> _Your task_
Pictures excluded, please retype exactly the lines from the start of the data through the line that contains "Keep it short and to the point. 4.57e+06.", both ends kept, and nothing beyond them.
_ _ _ _ _ _ _
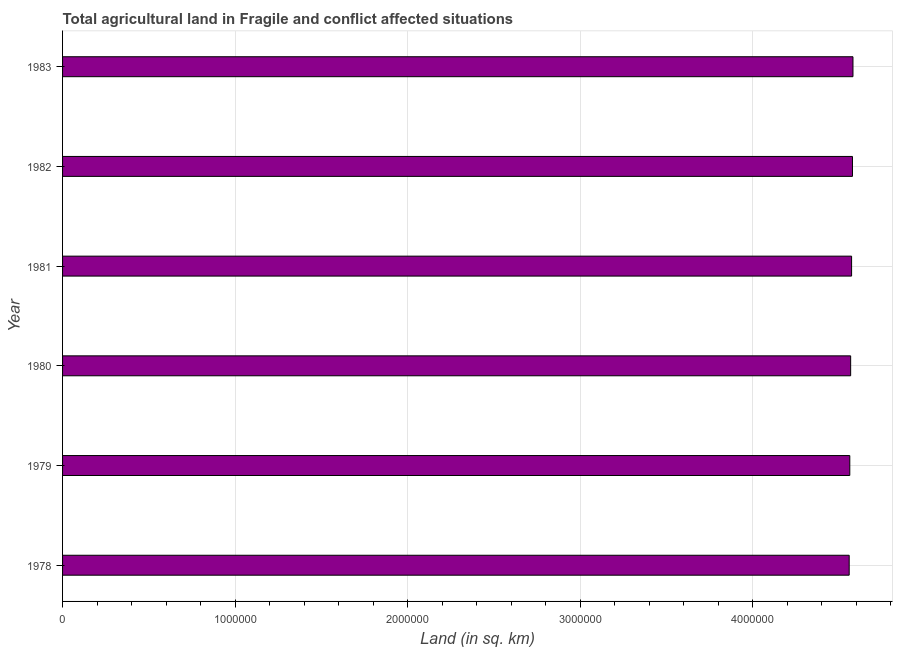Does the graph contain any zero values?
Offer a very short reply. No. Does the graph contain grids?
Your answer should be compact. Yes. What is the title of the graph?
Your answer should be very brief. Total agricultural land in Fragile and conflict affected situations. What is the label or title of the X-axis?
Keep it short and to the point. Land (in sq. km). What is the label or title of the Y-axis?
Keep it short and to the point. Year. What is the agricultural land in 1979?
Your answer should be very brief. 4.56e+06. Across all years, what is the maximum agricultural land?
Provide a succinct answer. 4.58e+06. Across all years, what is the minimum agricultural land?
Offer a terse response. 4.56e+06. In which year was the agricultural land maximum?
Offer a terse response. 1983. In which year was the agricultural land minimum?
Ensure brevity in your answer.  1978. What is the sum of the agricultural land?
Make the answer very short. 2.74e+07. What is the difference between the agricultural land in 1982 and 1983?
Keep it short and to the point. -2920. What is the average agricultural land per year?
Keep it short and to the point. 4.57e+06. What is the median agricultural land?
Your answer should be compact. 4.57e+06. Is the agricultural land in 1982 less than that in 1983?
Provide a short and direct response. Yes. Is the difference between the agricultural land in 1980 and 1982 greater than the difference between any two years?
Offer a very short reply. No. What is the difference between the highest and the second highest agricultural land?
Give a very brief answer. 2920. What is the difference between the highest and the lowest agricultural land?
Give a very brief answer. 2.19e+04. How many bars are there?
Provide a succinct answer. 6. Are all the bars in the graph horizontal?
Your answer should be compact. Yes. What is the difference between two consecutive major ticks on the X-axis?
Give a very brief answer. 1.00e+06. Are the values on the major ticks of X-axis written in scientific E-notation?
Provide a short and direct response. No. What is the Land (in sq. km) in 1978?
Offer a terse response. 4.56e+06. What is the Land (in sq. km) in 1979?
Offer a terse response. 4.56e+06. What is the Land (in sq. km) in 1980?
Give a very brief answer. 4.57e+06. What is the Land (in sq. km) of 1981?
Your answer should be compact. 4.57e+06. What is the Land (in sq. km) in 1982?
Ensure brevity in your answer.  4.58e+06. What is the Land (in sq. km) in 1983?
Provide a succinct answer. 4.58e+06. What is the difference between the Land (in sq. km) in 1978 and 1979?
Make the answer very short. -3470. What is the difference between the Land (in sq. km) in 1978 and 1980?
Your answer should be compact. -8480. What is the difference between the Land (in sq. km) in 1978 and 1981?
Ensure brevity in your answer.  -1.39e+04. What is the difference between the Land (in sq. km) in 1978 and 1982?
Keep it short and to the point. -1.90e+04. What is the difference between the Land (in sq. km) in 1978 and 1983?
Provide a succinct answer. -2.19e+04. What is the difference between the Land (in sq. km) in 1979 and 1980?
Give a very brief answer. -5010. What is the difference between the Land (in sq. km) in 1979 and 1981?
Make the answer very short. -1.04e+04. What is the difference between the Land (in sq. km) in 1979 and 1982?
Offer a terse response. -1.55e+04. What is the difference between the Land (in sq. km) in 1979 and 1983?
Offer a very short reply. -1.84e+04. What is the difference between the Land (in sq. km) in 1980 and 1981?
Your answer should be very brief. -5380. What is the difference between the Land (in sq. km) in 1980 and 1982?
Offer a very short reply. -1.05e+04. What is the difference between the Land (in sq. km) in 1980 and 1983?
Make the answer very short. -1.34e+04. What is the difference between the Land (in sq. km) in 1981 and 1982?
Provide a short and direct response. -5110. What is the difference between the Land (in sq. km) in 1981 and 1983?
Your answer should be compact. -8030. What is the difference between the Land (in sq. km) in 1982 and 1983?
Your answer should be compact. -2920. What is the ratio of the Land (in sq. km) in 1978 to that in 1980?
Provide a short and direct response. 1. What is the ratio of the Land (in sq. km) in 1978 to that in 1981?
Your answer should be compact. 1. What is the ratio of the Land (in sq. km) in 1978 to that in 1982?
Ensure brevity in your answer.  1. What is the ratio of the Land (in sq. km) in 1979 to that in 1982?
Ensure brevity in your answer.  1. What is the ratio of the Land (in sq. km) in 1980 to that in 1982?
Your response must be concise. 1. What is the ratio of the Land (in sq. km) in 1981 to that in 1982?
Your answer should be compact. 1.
_ _ _ _ _ _ _
> _Reply_
Does the graph contain any zero values?
Offer a very short reply. No. Does the graph contain grids?
Your answer should be compact. Yes. What is the title of the graph?
Your answer should be very brief. Total agricultural land in Fragile and conflict affected situations. What is the label or title of the X-axis?
Keep it short and to the point. Land (in sq. km). What is the label or title of the Y-axis?
Keep it short and to the point. Year. What is the agricultural land in 1979?
Your answer should be very brief. 4.56e+06. Across all years, what is the maximum agricultural land?
Provide a succinct answer. 4.58e+06. Across all years, what is the minimum agricultural land?
Offer a terse response. 4.56e+06. In which year was the agricultural land maximum?
Offer a terse response. 1983. In which year was the agricultural land minimum?
Ensure brevity in your answer.  1978. What is the sum of the agricultural land?
Make the answer very short. 2.74e+07. What is the difference between the agricultural land in 1982 and 1983?
Keep it short and to the point. -2920. What is the average agricultural land per year?
Keep it short and to the point. 4.57e+06. What is the median agricultural land?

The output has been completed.